To address the complex challenge of data access, Orange, MIT Media Lab, Data-Pop Alliance, Imperial College London and the World Economic Forum – supported by Agence Française de Développement and the World Bank – are developing a platform to unleash the power of “big data” held by private companies for public good in a privacy preserving, commercially sensible, stable, scalable and sustainable manner. In its initial phase of deployment, the Open Algorithm project, or OPAL, will focus on a small set of countries in Latin America, Africa and Asia, with technical support from a wide range of partners including Paris21, Microsoft, and Deloitte Consulting LLP. OPAL’s core will consist of an open technology platform and open algorithms running directly on the servers of partner companies, behind their firewalls, to extract key development indicators of relevance for a wide range of potential users, including national statistical offices, ministries, civil society organizations, media organizations, etc. Examples of potential indicators and maps produced with greater frequency and levels of geographic granularity currently available include poverty, literacy, population density, social cohesion – all on which the literature has shown that “big data” analysis could shed light.

As a “platform” to unleash the power of these “big data” held by private companies for public good, the AFD-supported OPAL initiative has three key aims:

To engage with data providers, users and analysts at all stages of its development, including during the development of algorithms.
Contribute to building local capacities, connections and help shape the future technological, political, ethical and legal frameworks that will govern the local collection, control and use of “big data” to foster social progress.By “sending the code to the data” rather than the other way around, OPAL seeks to address these challenges and spur dialogues and develop data services on the basis of greater trust between all parties involved – including between citizens, official statistical systems and private corporations.

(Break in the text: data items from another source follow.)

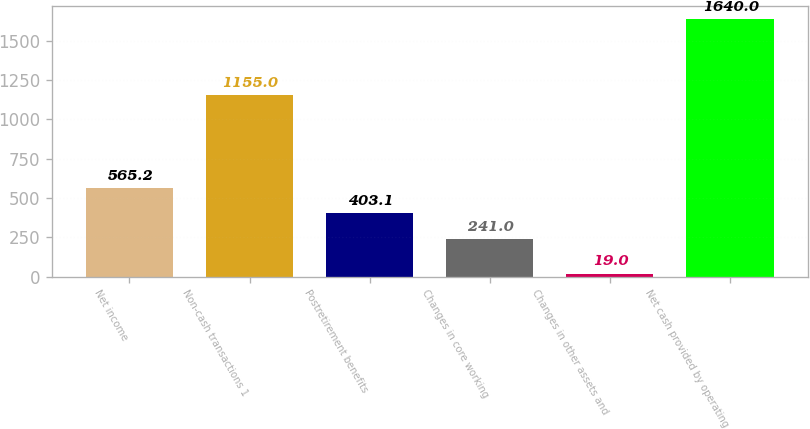<chart> <loc_0><loc_0><loc_500><loc_500><bar_chart><fcel>Net income<fcel>Non-cash transactions 1<fcel>Postretirement benefits<fcel>Changes in core working<fcel>Changes in other assets and<fcel>Net cash provided by operating<nl><fcel>565.2<fcel>1155<fcel>403.1<fcel>241<fcel>19<fcel>1640<nl></chart> 
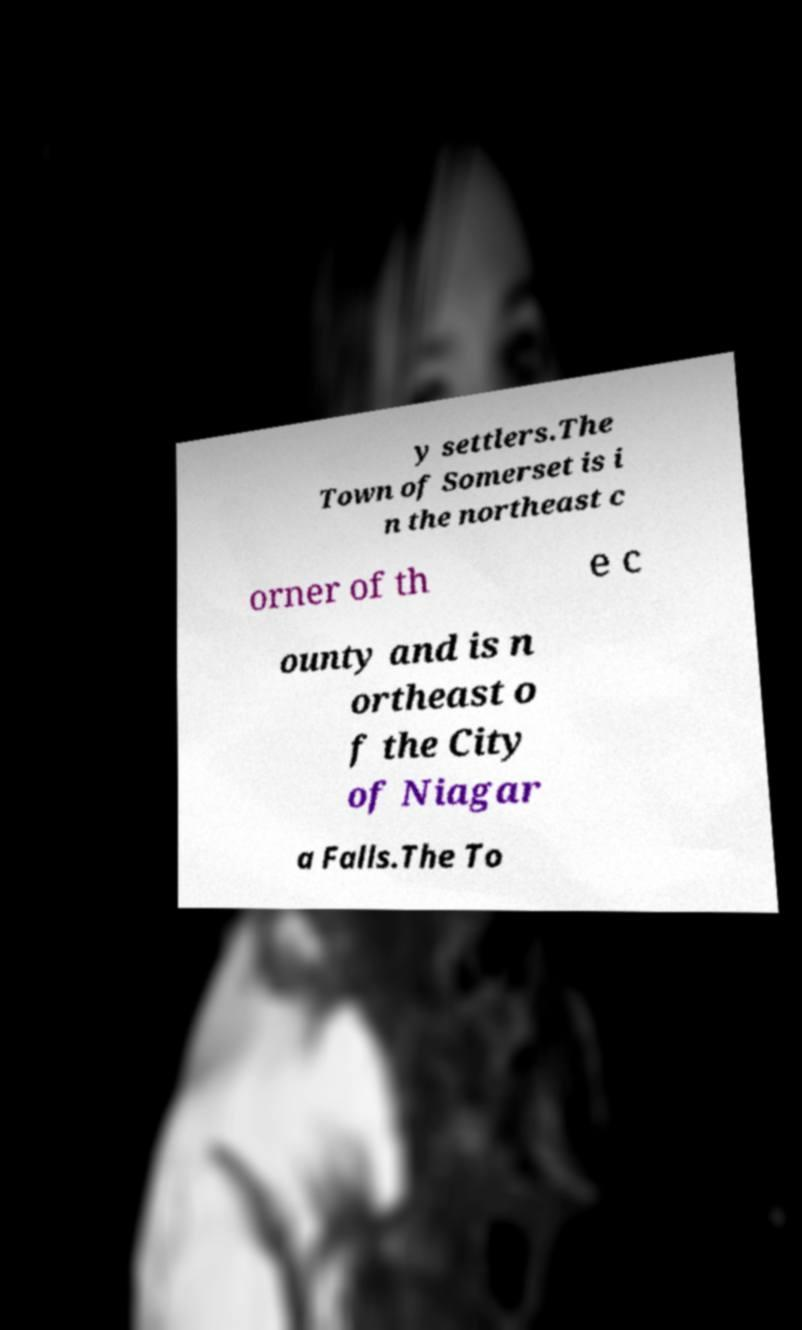Please read and relay the text visible in this image. What does it say? y settlers.The Town of Somerset is i n the northeast c orner of th e c ounty and is n ortheast o f the City of Niagar a Falls.The To 
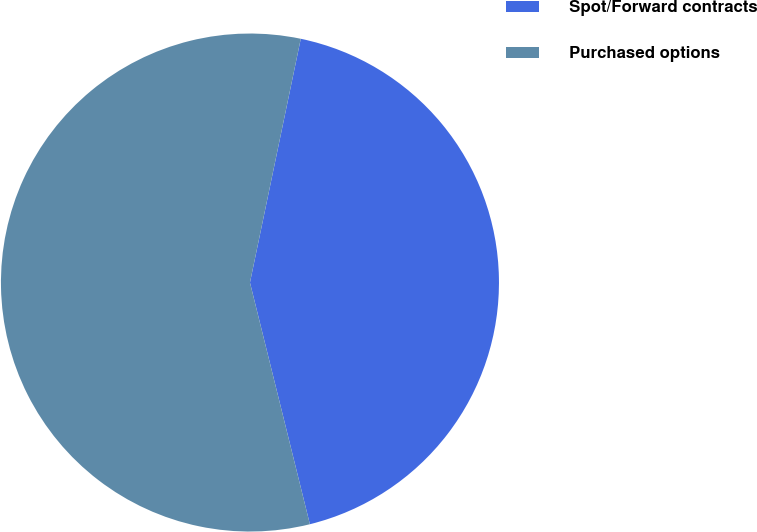<chart> <loc_0><loc_0><loc_500><loc_500><pie_chart><fcel>Spot/Forward contracts<fcel>Purchased options<nl><fcel>42.86%<fcel>57.14%<nl></chart> 
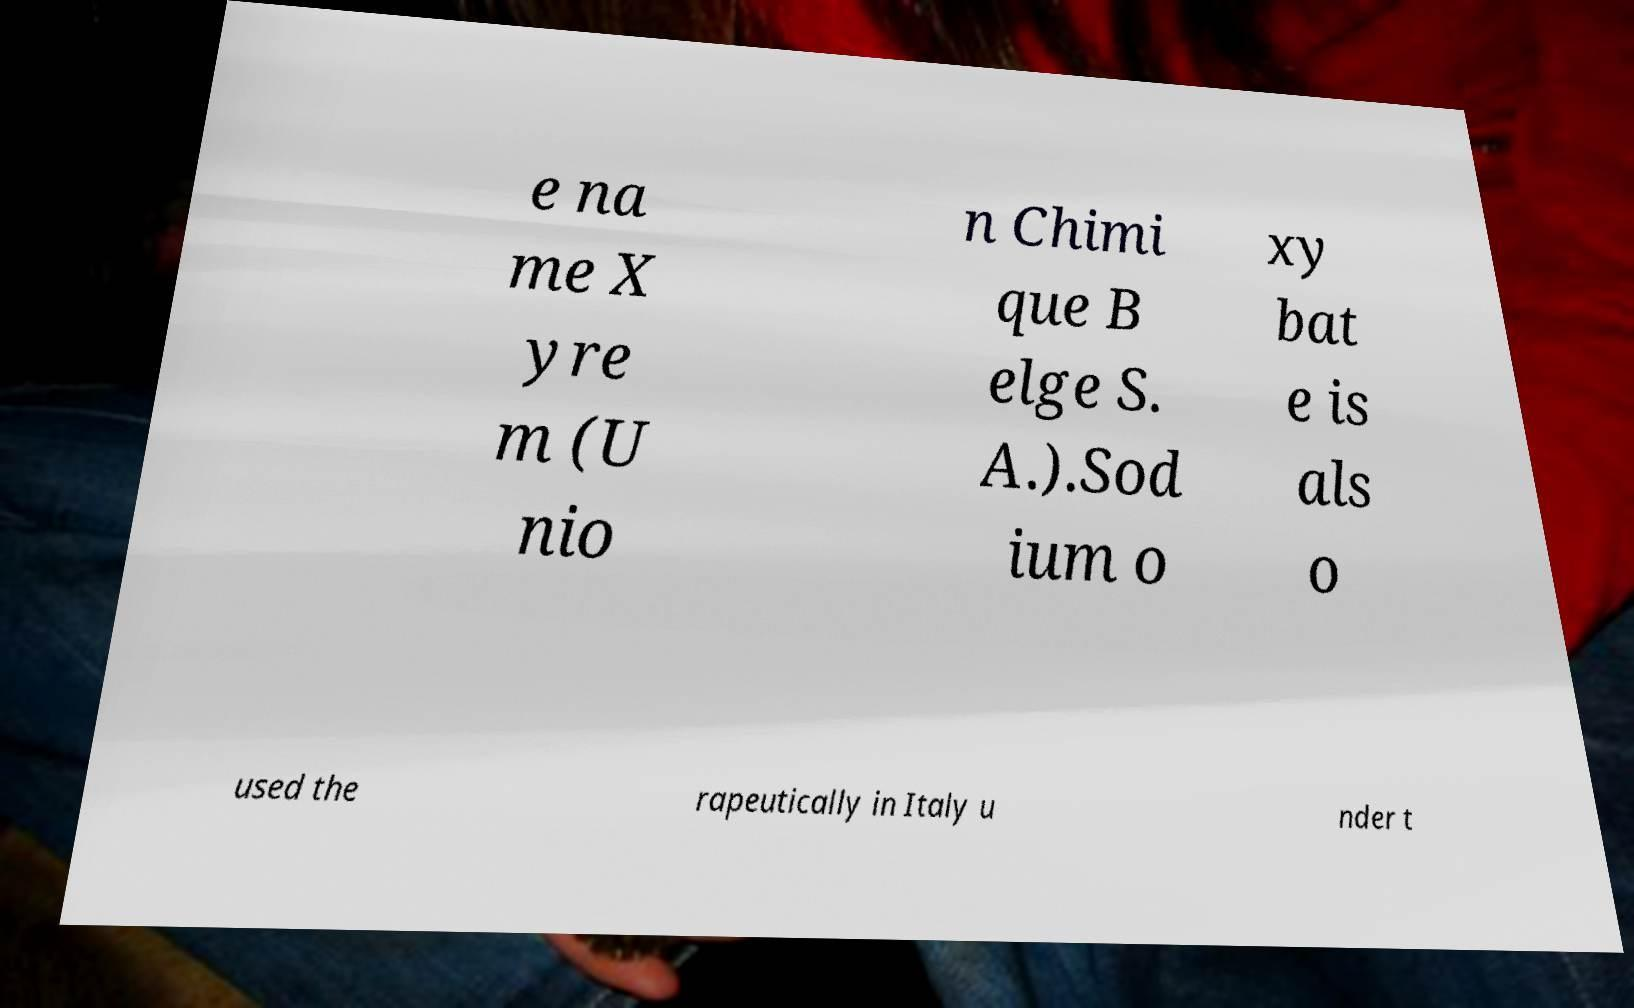I need the written content from this picture converted into text. Can you do that? e na me X yre m (U nio n Chimi que B elge S. A.).Sod ium o xy bat e is als o used the rapeutically in Italy u nder t 
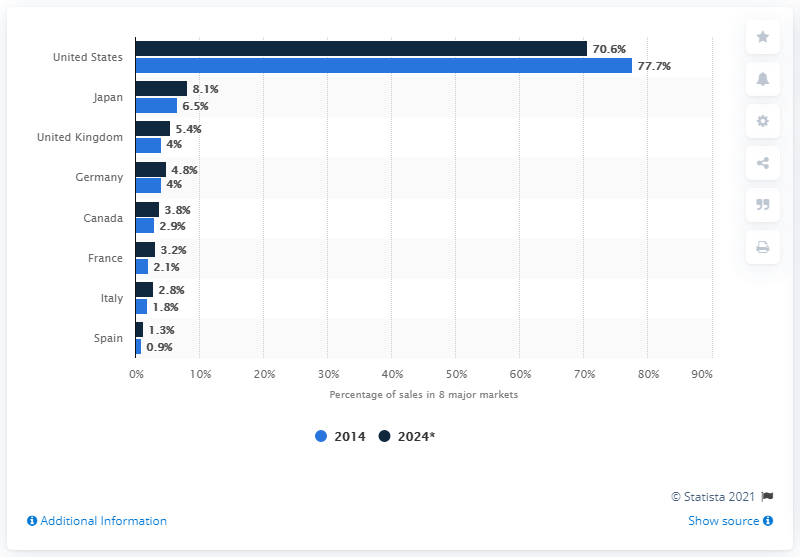Indicate a few pertinent items in this graphic. According to data from 2014, Canada accounted for approximately 2.9% of the total sales among the eight major pharmaceutical markets. 
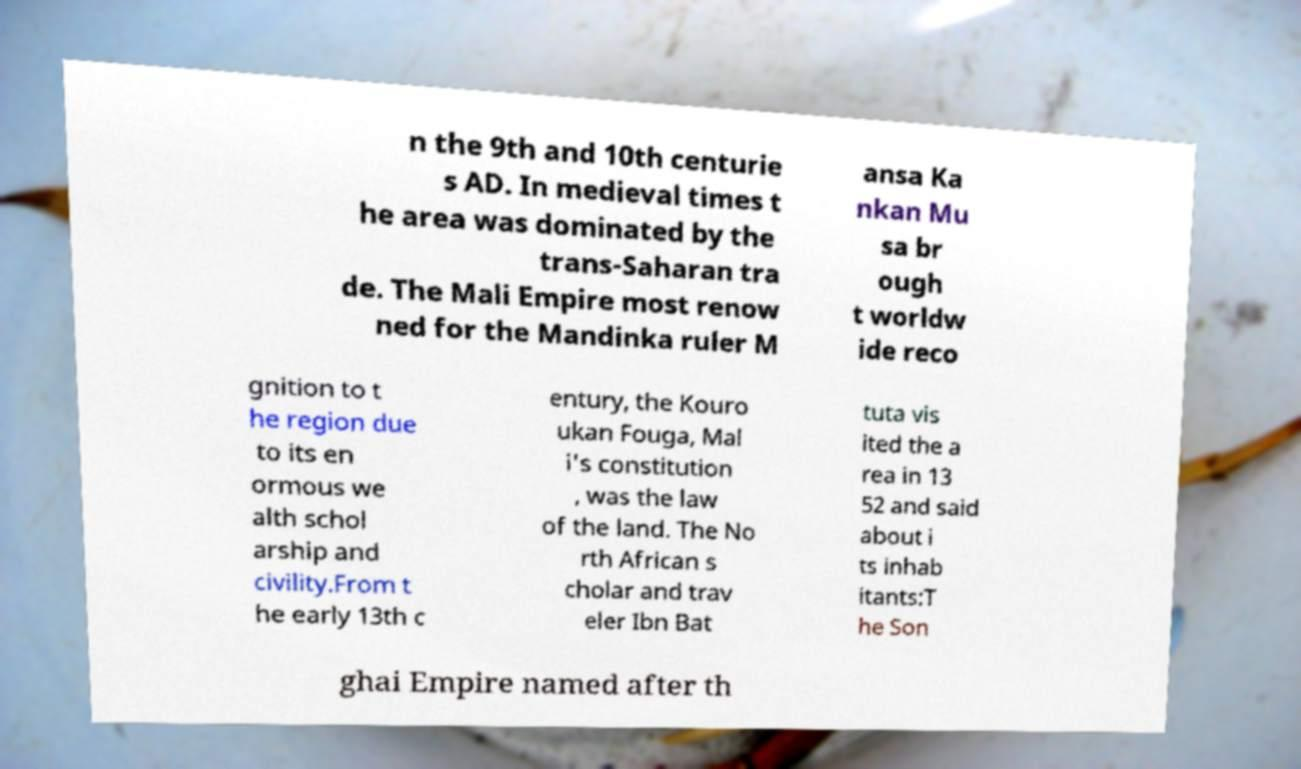Can you accurately transcribe the text from the provided image for me? n the 9th and 10th centurie s AD. In medieval times t he area was dominated by the trans-Saharan tra de. The Mali Empire most renow ned for the Mandinka ruler M ansa Ka nkan Mu sa br ough t worldw ide reco gnition to t he region due to its en ormous we alth schol arship and civility.From t he early 13th c entury, the Kouro ukan Fouga, Mal i's constitution , was the law of the land. The No rth African s cholar and trav eler Ibn Bat tuta vis ited the a rea in 13 52 and said about i ts inhab itants:T he Son ghai Empire named after th

To build data literacy among users and partners; not just data literacy defined as “the ability to use data,” but conceptualized in a broader and deeper sense as literacy in the age of data and defined as “the ability to constructively engage in society through and about data.” In the 21st century, being “data literate” in that sense will be as much a fundamental human capability as a useful professional skill set; both an enabler and marker of human agency.Mass data literacy will be as essential to development and democracy as mass literacy has been during the 20th century. Building this kind of data literacy across institutions and groups will require large-scale sustained initiatives and investments that have not yet materialized.